Woke up to a power outage, and my first thought was, Shit, I can’t make coffee. I order my coffee beans online on a weekly schedule, and each bag is different. One might come from Texas this week and the next one might come from Peru. I have a coffee grinder that can hold an entire 12oz bag of beans, and I have set it to a fine grind, suitable for my AeroPress. I’ve been making AeroPress coffee for the majority of my time in Montana, and I haven’t switched it up because this device makes delicious coffee. I have an electric gooseneck kettle that allows me to control the water temperature to the right degree. 205ºF, if you’re wondering. Finally, I have a kitchen scale that helps me weigh it all down in 0.1-gram increments. It’s a beautiful morning routine, one that helps me start my day my way.

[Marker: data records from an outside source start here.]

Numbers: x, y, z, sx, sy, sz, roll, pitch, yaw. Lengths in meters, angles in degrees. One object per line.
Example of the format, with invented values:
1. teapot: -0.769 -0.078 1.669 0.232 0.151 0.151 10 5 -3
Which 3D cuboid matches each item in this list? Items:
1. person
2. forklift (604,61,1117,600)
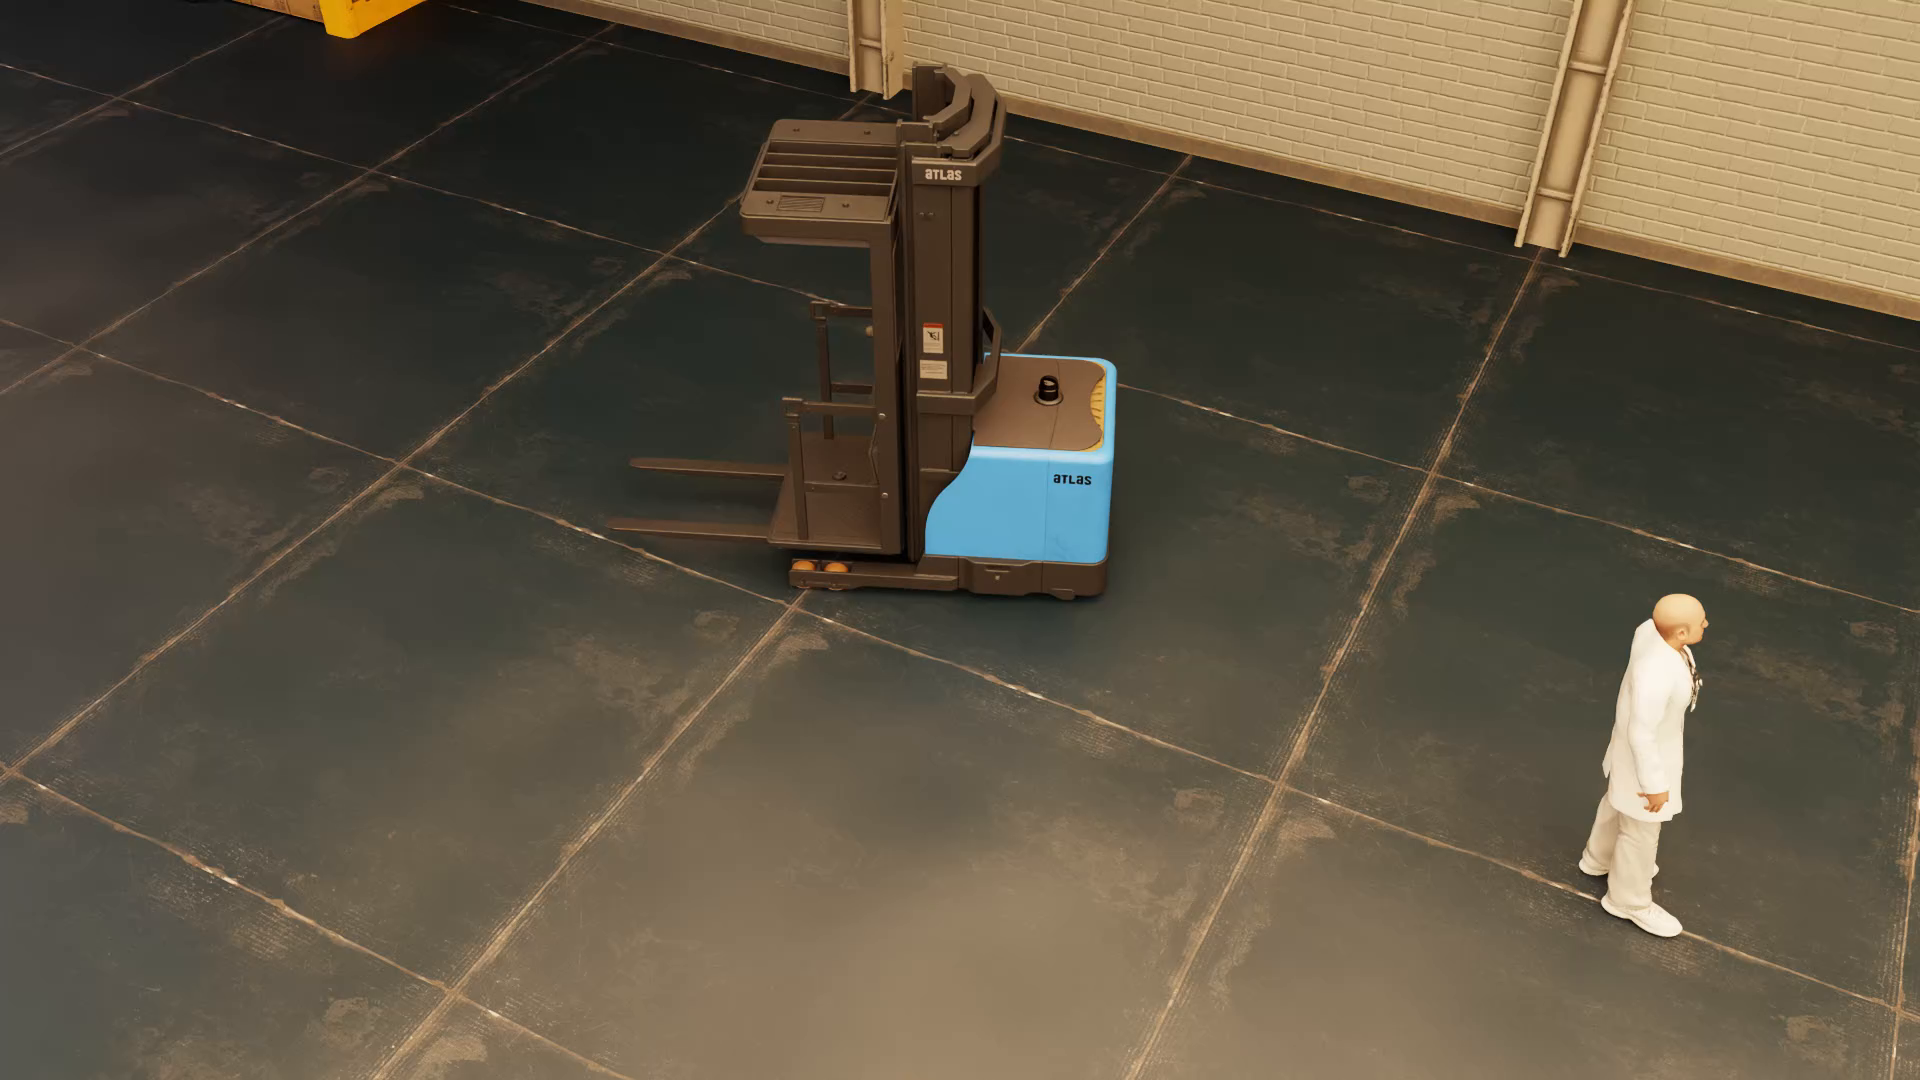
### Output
1. person: 3.273 0.990 7.694 0.578 1.779 0.698 12 42 14
2. forklift: -0.606 -1.157 9.360 3.031 2.935 1.130 3 40 4

Friends have ridiculed me for having this routine, but I don’t care. It’s mine, it makes me happy, and I love it.
The moon no longer looks full in the sky. I’ve never studied the phases of the moon, but perhaps I can start. Some cultures have personified the moon as a deity, some God with supernatural abilities. Others have used the moon to help them keep track of time. In fact, the etymology of the English word month stems from the moon and the interval between one new moon and the next. But for me, the moon can be my anchor while I try to figure out what comes next. When I feel lost, I can always look up at the sky and see the moon and understand its phases and perhaps feel its supernatural abilities to help me figure out what might come next. Right now it’s telling me that I need to make another cup of coffee, so that’s what I will do.
The other day I asked a friend if she had read any of my entries on this website, and she said she hadn’t. I told her I wanted to know if it sounded like I hated Montana. “No you don’t,” she said. “You love it.” I have my doubts. The thing is, I don’t think I’ve ever felt love toward any of the places I’ve lived in throughout my life. Settling down in any one place scares me, and I don’t know why. It might be a fear of stasis, of seeing the road ahead and not walking it, of leaving things alone. As much as I have lived my life in fear of so many things, I’m afraid of not moving the most. Every time I move, I discover something new about myself, something that prepares me for my next journey, and it’s that realization that fuels me, that gives life meaning. I understand that not all journeys require a new place to live. I’ve yet to be married or have kids or own a house, things that will take me on new journeys, on new paths of self-discovery, and perhaps that’s where I’m headed. The thing about life is that no one what’s coming next, but the thing about humanity is that we have the power to shape our paths, to forge our own destinies.
I just wish I knew what to do next because I’m not sure. I guess I have to keep walking to find out.